From Email Poem to 3-Minute Cinematic Piece

Sometimes a project begins with ambition.
Sometimes it begins with almost nothing.

“Invisible Paths” started with two lines in an email.

Anna and I were simply trading lines of poetry back and forth — no discussion of theme, no planning, no attempt to steer the direction. One person would write two lines and send them. The other would reply with two more.

That was the entire “method.”

No outline.
No goal.
Just curiosity and rhythm.

What emerged surprised both of us. A quiet mystical arc appeared on its own, almost as if the poem already existed and we were just uncovering it line by line.

Here is the poem exactly as it formed.

Invisible Paths

Hands move without thinking, tracing invisible paths. You follow them, curious where they lead.

Is there a map leading our journey?
Floating up in a hot-air balloon — we see the horizon.

Closed eyes. Gentle breezes. Clear, crisp air cleansing the senses.
Deep breaths as we let go. Let it all go. Eyes open, bright, ready to see.

Thin air, high altitude. The curvature of the earth. What catches my eye?
A bright shining light. Mind on fire. Curious and free.

Clarity as I descend, layer after layer.
Heavens. Sun. Clouds. Sky. Tippy tops. Cacophony. Earth. Me.

When Anna’s final lines arrived, the piece felt complete.

The journey outward returned to the self.
There was no need to force a tidy conclusion or a sentimental “we.” The restraint actually strengthened the ending.

Once the poem landed, the next impulse wasn’t revision.

It was translation.

Poem → sound → vision.

Turning a Poem into Music

The musical direction came almost immediately: progressive rock with a cinematic feel.
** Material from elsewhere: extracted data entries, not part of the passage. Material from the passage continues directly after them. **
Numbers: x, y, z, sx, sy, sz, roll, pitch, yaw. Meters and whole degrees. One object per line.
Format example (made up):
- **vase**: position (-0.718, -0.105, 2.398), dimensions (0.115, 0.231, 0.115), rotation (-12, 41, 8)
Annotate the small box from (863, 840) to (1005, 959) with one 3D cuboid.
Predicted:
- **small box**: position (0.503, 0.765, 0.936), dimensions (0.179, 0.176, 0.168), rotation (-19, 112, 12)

Think the atmospheric side of the 1970s — expansive arrangements, emotional builds, and a sense of journey.

The poem’s natural shape already matched the classic progressive structure:

quiet beginning → gradual ascent → cosmic expansion → reflective descent → intimate ending.

The music generator was given a single descriptive prompt written by ChatGPT to my specification to capture that arc:

arpeggiated guitar, ambient synth pads, layered Mellotron strings, dynamic bass, cinematic drums, male lead vocal with occasional falsetto, female harmony vocals, ethereal reverb, reflective and soaring mood, progressive-rock concept, build from quiet introspection to cosmic lift then gentle descent, intimate landing

The result was a 2:38 minute musical piece. That was created in Producer.ai after 12 iterations.
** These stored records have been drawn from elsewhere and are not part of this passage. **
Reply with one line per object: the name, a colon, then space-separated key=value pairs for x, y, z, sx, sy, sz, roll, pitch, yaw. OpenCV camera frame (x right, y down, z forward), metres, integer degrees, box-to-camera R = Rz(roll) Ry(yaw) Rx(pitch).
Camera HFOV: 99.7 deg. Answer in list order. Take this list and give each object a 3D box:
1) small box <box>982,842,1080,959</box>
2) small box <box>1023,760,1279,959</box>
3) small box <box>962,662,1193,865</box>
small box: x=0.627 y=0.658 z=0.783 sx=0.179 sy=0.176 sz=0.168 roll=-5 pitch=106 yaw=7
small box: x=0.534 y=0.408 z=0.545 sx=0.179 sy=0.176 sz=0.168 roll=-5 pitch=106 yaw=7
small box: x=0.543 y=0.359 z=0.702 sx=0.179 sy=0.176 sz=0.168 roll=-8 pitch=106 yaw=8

Using LALAL.AI, the stems were split and the generated vocals were partially discarded to create open space for the narrated poem to be layered over instrumental soundtrack.

Voiceover

For narration I used the voice Francesca Segretto from ElevenLabs.

The opening lines of the poem were trimmed so the narration begins during the balloon ascent sequence. The final spoken track runs about sixty seconds.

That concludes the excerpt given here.